How Long Before Running Feels Good?!

After the High School track season ended in early May, I took some time off from running. It wasn’t so intentional – but rather – I had no races planned, I had no practice to go to, and I guess I just wanted the break. So three or so weeks later…and realized that I hadn’t stepped outside for more than one or two brief (yet painful!) runs.

Well, just last weekend, one of our runners on the Spanish River team (Ellyn) messaged to me to see if I’d start running with her – she is leaving for a summer internship in Chicago in a couple of weeks, followed by a competitive running camp in Texas for one week. The running camp asked that she was prepared for mileage ranging from 5-10 miles/day at a good pace before arriving at camp. Anyway – we met up on Monday for a 5-miler and I found myself out of breath and overall in pain desperately wanting to stop just a few miles in! Ellyn, in great shape, had no problem running at a nice pace in the Florida summer heat. Despite the pain, I forced myself to keep running – while of course telling Ellyn it was okay to run ahead at her own pace. I kept at it that first day and then again when we met on Tuesday morning, Wednesday morning and Thursday morning. I added an extra 4-miler with the South Florida Runs group on Wednesday night (in honor of National Running Day) and then we ran again on Thursday. Every single one of those runs last week was PAINFUL and hard. I was actually pretty bumbed by Wednesday night’s run…upset with how out of shape I felt. After a rough run on Thursday with Ellyn (where I ran my own shorter, slower route not wanting to effect Ellyn’s great progress), I jumped in the pool for a quick swim (I was pretty sore). I decided to take off Friday. Then Saturday morning, I ran with some of the guys from the Spanish River team for a quick 3-miler. I felt okay – not great but not as terrible as I was feeling the days prior.

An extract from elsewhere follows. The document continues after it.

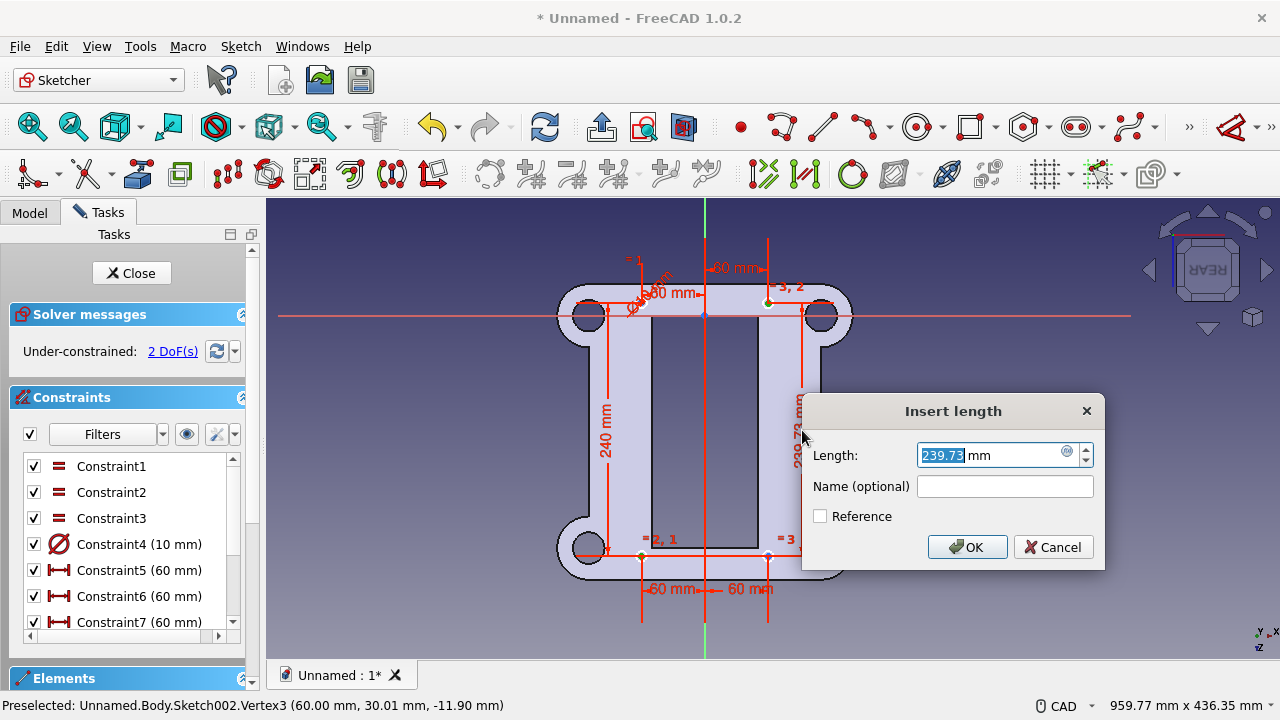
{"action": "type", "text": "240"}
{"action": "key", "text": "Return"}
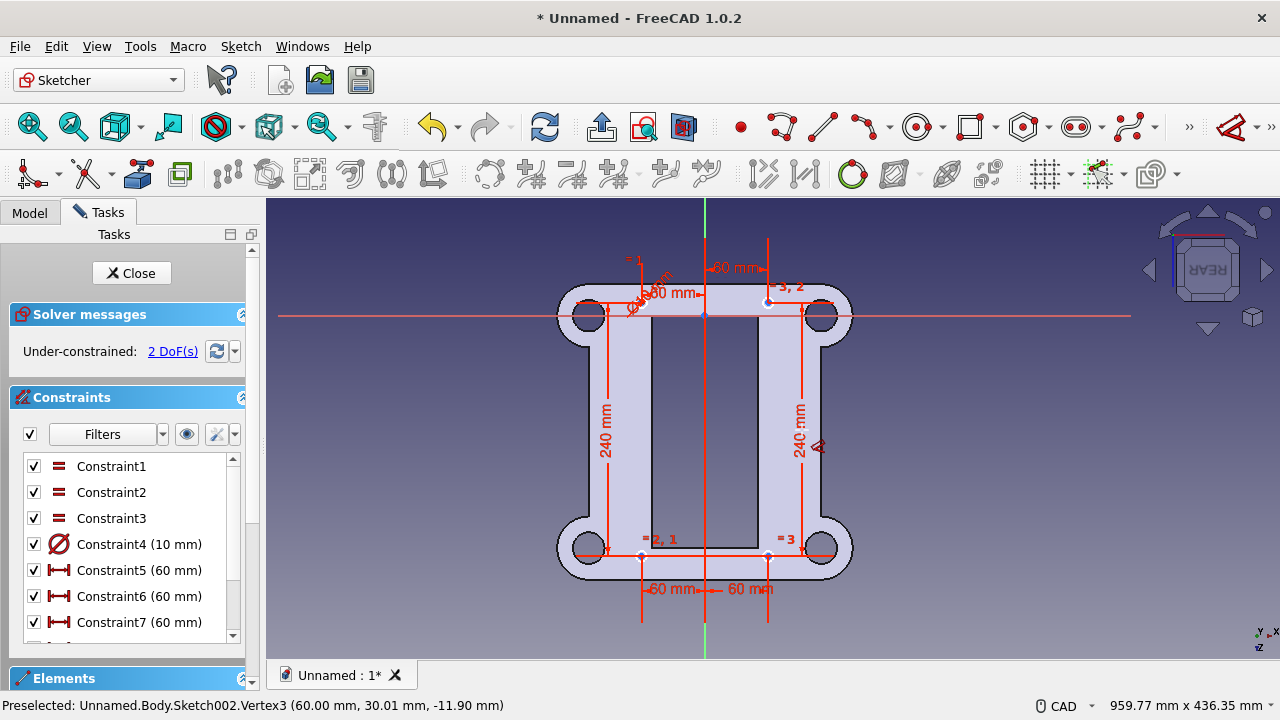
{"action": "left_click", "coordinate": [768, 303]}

And then today, Sunday morning, I woke up and headed over to my favorite South Florida Runs run on Palm Beach island. While I only intended to run five or six miles this morning, I was with Caleb and Bryan from the team and at the six mile turnaround point – we all decided to run the full Palm Beach route (8 miles). The pace was good throughout – nothing too fast but definitely not too slow. And I felt great. At the end – I was a little tired – but that’s pretty normal after an 8-miler, for me at least. But the point is – today was my breakthrough. After a week of tough, painful and at times frustrating runs…I had a great one that reminded me why I was out there, what I loved about running, and how good it can feel when you are in shape and prepared.

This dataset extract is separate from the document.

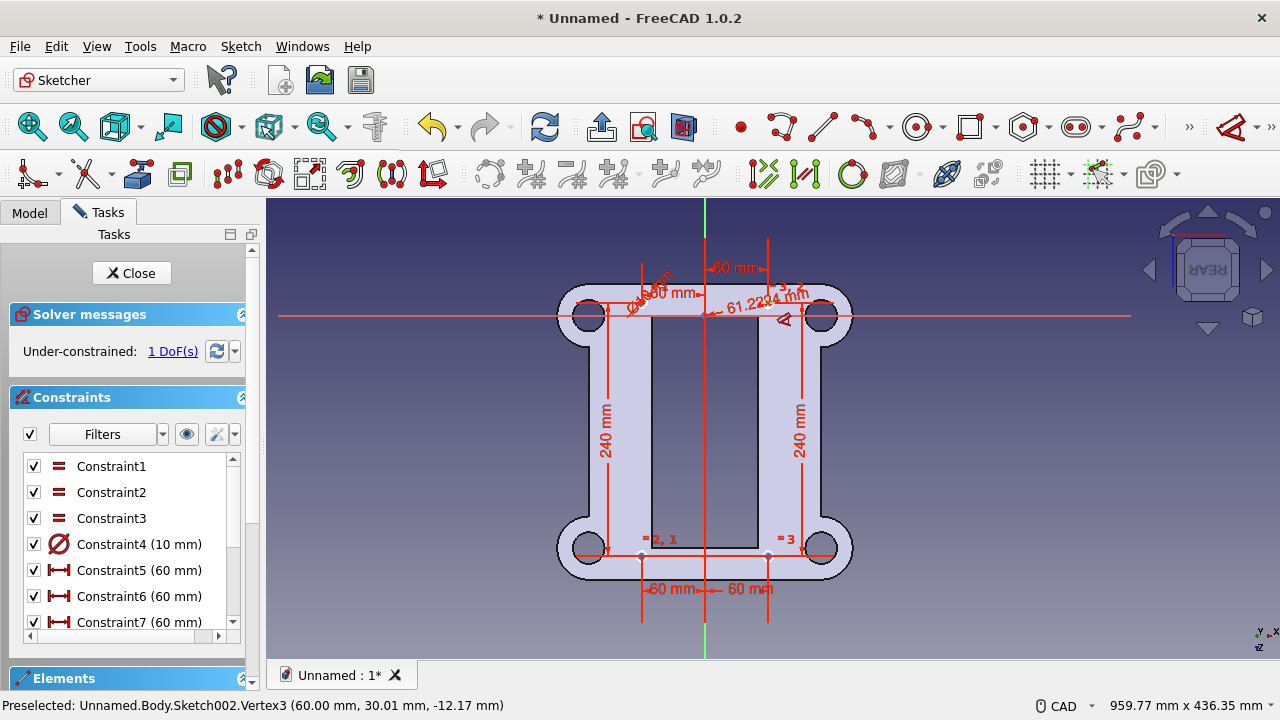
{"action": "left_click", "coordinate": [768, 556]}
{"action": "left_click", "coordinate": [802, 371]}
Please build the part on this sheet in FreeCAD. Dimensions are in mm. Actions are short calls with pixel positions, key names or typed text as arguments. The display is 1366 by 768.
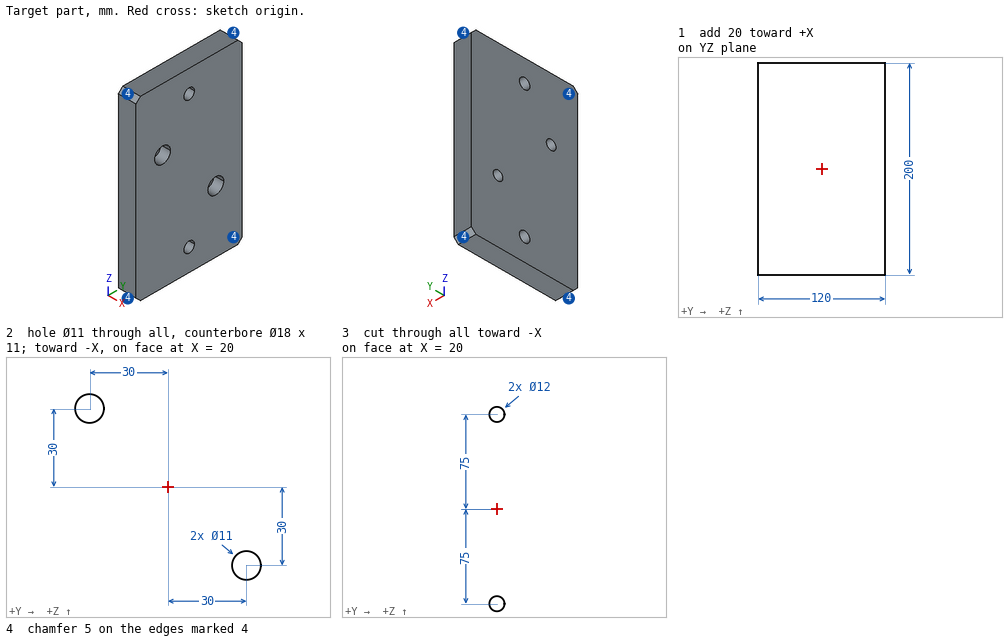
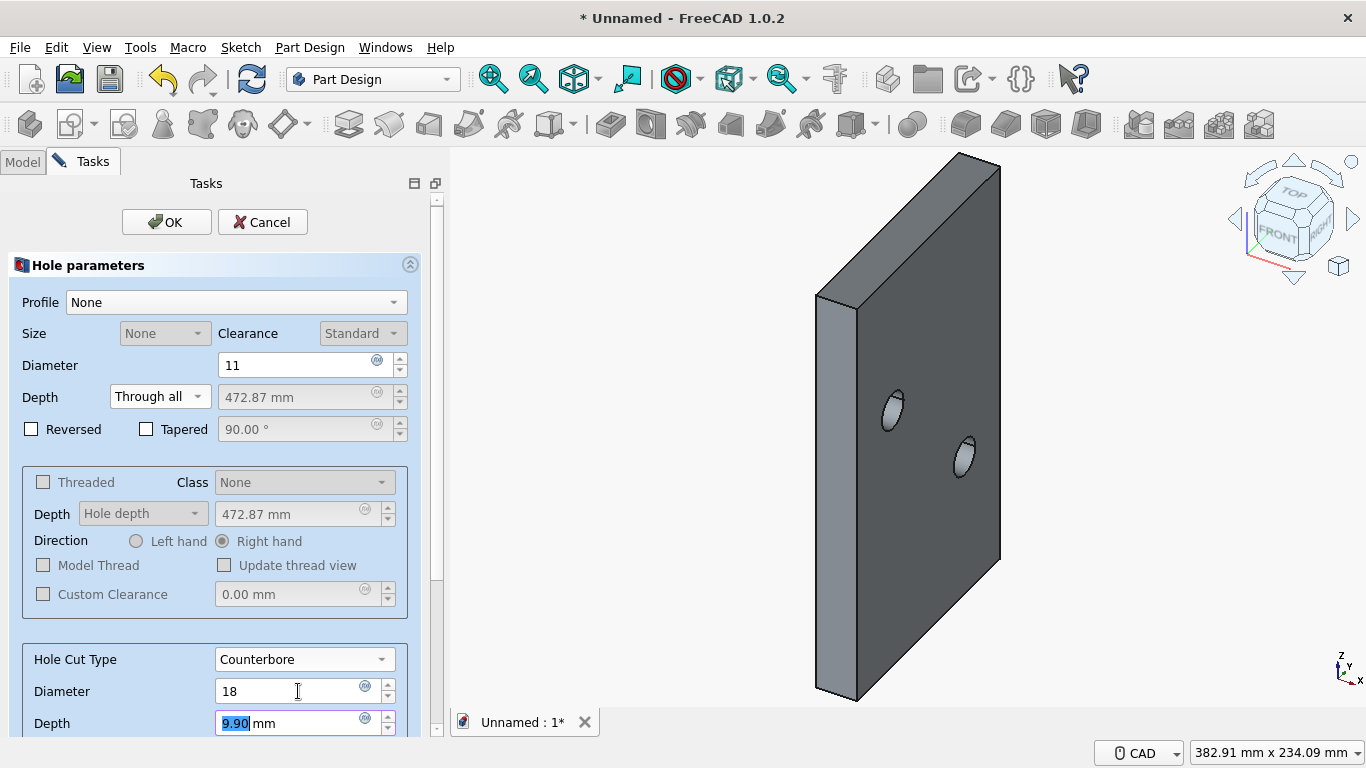
text(11)
key(Tab)

Coach Rothman has told me before: It takes about a week to get into shape where running starts to feel okay, even possibly good for some. And I have told new runners that countless times. Especially when they come out on their first day of practice and can hardly get through a 10-15 minute jog. I often tell them of my own experience as a freshman in high school. My first day of practice – Coach Rothman had me run around the back field for 15 minutes…and I nearly died. I, like most cocky high schoolers, started off fast thinking I was in better shape than I was…and at about 4 minutes in – couldn’t imagine running for another second. The rule is that the kids are not allowed to walk – no matter what. Coach Rothman says it really says more about their work ethic and drive than their running ability. I mean who can’t run for 10 minutes straight? It’s all mental for that short of a distance. But the bigger point is that if the kids can get through that first day or two of running – odds are that they will be fine. I still consider that first day of practice to be one of the hardest ever. Harder than 5 x mile workouts, 16 x 400 repeats, and so-on. Yes, when you are not in shape – a 10 minute jog can be that hard!

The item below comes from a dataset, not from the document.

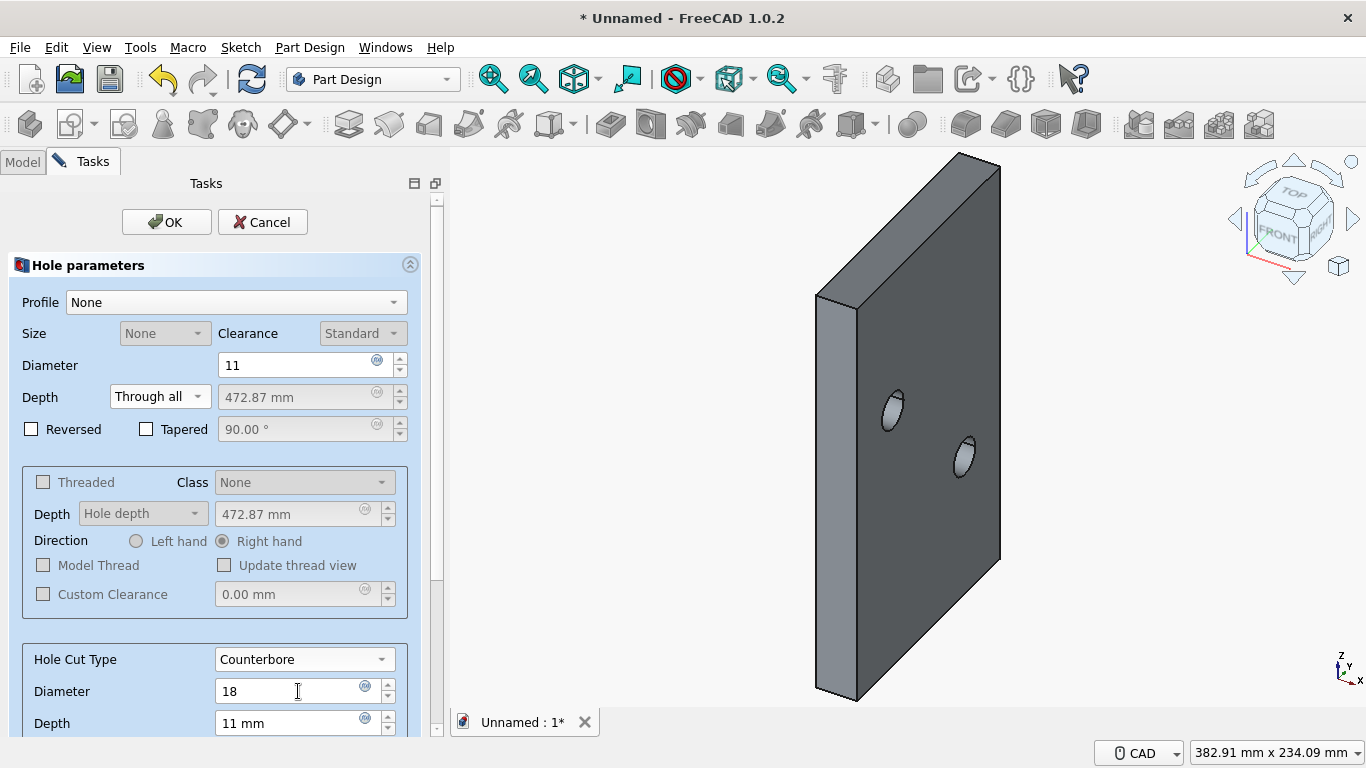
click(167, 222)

But back to my original story…with this week of “getting back to running” pain/work behind me – I have a new belief in the “week to get in shape” philosophy. It worked for me…and I say that after a few runs that were pretty darn frustrating and demotivating. Coach Rothman – pulling from his biology background – adds: “When someone is running, the body makes new capillary systems in the muscles to send red blood cells and oxygen, deeper into the muscles to allow more oxygen to produce energy. As more oxygen is needed through the stress of continually harder workouts, more capillary systems open. After 24 hours, these capillaries begin to close up, because the muscles sense they are not needed. After a week, many more of the capillaries are now closed, therefore, these need to open back up to get to the same level the athlete was at before.  That’s why it feels like it takes more work and time to get back in shape (than fall out of shape). It’s also the reason coaches say if you take a day off from running you are two days behind.  You lose some of the capillaries that you already opened, plus the lose of new ones that would’ve opened up if you ran.” Hence the reason that it could take a good week to open up those capillaries to where they are providing a sufficient amount of oxygen to the muscles…

So – if you are feeling like it is going to take forever to get back into running shape after taking off some time – do not despair. Get started right away and put in the work for one week straight – everyday. And it will happen…I promise. It will!

Question: How long does it usually take you to feel normal again after taking a break from running?!